Extracted information =
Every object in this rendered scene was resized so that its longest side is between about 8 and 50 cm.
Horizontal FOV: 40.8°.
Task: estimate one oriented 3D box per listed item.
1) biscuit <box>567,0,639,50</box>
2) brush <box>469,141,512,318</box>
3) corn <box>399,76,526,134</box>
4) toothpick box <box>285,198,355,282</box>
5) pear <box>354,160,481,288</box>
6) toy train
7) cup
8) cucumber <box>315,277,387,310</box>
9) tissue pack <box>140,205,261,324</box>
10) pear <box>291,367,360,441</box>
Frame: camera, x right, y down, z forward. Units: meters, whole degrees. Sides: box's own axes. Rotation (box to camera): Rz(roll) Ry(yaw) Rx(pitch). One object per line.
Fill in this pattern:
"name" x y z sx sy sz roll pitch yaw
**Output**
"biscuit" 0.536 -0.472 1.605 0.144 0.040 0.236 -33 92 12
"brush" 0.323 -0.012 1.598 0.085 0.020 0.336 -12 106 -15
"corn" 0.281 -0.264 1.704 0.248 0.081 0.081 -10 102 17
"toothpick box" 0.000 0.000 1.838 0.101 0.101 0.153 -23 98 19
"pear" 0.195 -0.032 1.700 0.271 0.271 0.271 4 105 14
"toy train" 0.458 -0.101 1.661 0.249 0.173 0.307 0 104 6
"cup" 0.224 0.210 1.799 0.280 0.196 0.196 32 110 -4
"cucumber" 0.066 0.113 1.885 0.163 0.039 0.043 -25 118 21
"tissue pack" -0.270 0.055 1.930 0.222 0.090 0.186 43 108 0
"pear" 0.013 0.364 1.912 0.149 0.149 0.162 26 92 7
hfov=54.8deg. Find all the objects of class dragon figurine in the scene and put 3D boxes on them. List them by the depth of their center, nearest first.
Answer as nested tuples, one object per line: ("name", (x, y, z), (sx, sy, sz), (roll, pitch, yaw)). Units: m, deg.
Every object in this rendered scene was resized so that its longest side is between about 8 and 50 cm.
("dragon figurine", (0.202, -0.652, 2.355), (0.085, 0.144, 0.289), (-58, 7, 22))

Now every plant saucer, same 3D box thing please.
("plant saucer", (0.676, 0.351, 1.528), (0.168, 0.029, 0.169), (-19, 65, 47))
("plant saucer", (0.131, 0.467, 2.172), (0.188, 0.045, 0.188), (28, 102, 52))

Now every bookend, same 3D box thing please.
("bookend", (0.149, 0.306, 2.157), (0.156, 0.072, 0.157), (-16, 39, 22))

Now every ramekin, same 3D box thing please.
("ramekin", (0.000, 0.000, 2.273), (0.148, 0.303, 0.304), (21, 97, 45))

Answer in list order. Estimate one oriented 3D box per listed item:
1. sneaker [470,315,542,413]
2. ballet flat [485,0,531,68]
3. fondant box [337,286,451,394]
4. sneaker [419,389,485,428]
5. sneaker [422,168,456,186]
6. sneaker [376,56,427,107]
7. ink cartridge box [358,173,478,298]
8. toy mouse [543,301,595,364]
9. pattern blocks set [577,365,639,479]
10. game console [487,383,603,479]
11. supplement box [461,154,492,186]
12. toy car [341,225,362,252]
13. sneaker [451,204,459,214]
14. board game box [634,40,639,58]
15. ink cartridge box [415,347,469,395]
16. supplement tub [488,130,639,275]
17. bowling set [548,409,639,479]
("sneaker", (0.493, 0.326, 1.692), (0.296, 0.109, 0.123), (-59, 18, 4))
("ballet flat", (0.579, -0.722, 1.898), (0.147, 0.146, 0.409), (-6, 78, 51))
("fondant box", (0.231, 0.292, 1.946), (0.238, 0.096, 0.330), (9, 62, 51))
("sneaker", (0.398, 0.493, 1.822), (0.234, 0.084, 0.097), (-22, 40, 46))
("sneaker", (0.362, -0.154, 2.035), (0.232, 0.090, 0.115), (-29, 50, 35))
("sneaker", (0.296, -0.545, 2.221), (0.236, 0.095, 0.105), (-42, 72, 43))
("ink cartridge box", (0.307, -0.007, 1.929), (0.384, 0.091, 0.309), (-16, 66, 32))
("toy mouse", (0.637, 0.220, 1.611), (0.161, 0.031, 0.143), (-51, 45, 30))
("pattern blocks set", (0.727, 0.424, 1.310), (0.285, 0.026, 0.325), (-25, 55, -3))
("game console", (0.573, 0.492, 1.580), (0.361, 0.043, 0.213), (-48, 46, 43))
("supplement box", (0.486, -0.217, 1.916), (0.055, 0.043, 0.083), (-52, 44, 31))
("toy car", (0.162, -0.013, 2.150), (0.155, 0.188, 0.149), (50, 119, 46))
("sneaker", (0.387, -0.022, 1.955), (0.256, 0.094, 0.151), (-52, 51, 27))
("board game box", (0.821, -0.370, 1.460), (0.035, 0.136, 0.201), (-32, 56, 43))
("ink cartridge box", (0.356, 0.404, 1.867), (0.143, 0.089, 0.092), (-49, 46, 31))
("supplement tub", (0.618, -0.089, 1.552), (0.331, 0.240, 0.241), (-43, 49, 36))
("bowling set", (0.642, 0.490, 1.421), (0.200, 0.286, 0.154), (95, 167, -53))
...
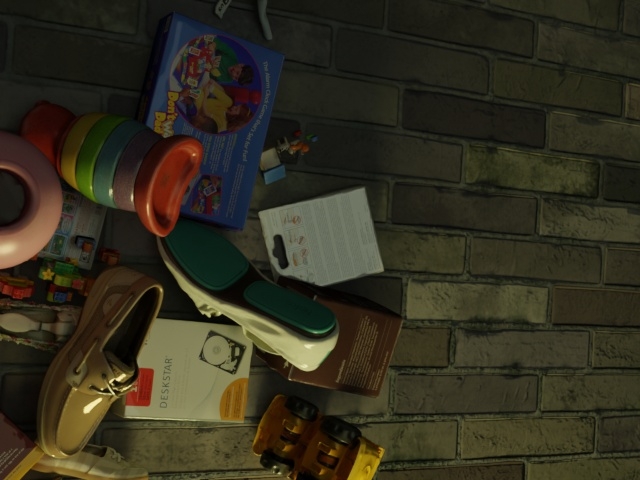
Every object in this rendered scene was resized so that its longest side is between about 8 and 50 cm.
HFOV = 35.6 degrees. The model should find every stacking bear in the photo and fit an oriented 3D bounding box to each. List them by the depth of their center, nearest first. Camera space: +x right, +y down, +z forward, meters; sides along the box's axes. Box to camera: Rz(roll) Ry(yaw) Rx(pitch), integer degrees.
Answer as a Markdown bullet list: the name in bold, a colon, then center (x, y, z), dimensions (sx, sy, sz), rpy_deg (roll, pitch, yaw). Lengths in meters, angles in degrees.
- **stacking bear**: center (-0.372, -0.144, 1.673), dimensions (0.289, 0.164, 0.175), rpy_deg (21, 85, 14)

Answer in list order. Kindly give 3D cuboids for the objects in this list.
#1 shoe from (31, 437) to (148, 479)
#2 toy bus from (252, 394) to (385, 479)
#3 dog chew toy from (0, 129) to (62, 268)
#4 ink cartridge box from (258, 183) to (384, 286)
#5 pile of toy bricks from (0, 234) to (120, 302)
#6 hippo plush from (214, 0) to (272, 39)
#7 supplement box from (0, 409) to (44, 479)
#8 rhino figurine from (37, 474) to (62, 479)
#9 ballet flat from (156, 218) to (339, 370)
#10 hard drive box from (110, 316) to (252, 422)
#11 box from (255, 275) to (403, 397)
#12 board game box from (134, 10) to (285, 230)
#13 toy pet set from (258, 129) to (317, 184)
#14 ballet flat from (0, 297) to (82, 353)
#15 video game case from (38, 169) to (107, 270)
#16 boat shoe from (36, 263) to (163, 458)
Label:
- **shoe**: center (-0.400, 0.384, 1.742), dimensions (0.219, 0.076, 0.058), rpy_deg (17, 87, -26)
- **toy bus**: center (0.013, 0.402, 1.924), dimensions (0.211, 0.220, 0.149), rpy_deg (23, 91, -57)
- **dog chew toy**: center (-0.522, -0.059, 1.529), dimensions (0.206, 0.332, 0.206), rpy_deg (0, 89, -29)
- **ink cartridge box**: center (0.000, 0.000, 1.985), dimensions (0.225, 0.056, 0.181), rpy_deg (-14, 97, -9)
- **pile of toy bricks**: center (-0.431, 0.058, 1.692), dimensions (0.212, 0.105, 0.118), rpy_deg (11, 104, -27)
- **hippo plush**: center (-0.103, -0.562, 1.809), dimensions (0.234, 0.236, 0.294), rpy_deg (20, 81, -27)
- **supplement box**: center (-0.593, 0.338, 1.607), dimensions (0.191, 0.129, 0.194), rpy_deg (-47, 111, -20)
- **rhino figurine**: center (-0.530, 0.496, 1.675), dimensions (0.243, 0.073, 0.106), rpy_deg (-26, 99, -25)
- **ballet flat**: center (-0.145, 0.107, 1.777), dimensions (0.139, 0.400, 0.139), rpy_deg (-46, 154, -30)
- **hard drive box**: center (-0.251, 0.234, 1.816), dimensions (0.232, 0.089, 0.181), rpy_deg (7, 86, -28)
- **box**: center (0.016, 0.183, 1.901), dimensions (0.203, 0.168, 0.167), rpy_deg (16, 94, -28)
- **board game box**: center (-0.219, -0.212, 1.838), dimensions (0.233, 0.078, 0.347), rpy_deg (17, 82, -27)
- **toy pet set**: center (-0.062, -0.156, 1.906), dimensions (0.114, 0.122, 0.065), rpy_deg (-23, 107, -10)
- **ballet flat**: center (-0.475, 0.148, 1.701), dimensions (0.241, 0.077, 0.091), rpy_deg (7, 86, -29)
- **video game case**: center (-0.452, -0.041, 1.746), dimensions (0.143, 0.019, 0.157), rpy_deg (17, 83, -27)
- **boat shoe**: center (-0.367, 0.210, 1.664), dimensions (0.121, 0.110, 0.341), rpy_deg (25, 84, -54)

What the task requires =
Above are the entries. Output exactly the lines beginning with the line that has "Frame: camera, x" and ending with the line that has "roll pitch yaw".

Written answer =
Frame: camera, x right, y down, z forward. Units: meters, whole degrees. Sides: box's own axes. Rotation (box to camera): Rz(roll) Ry(yaw) Rx(pitch). One object per line.
Fill in this pattern:
"name" x y z sx sy sz roll pitch yaw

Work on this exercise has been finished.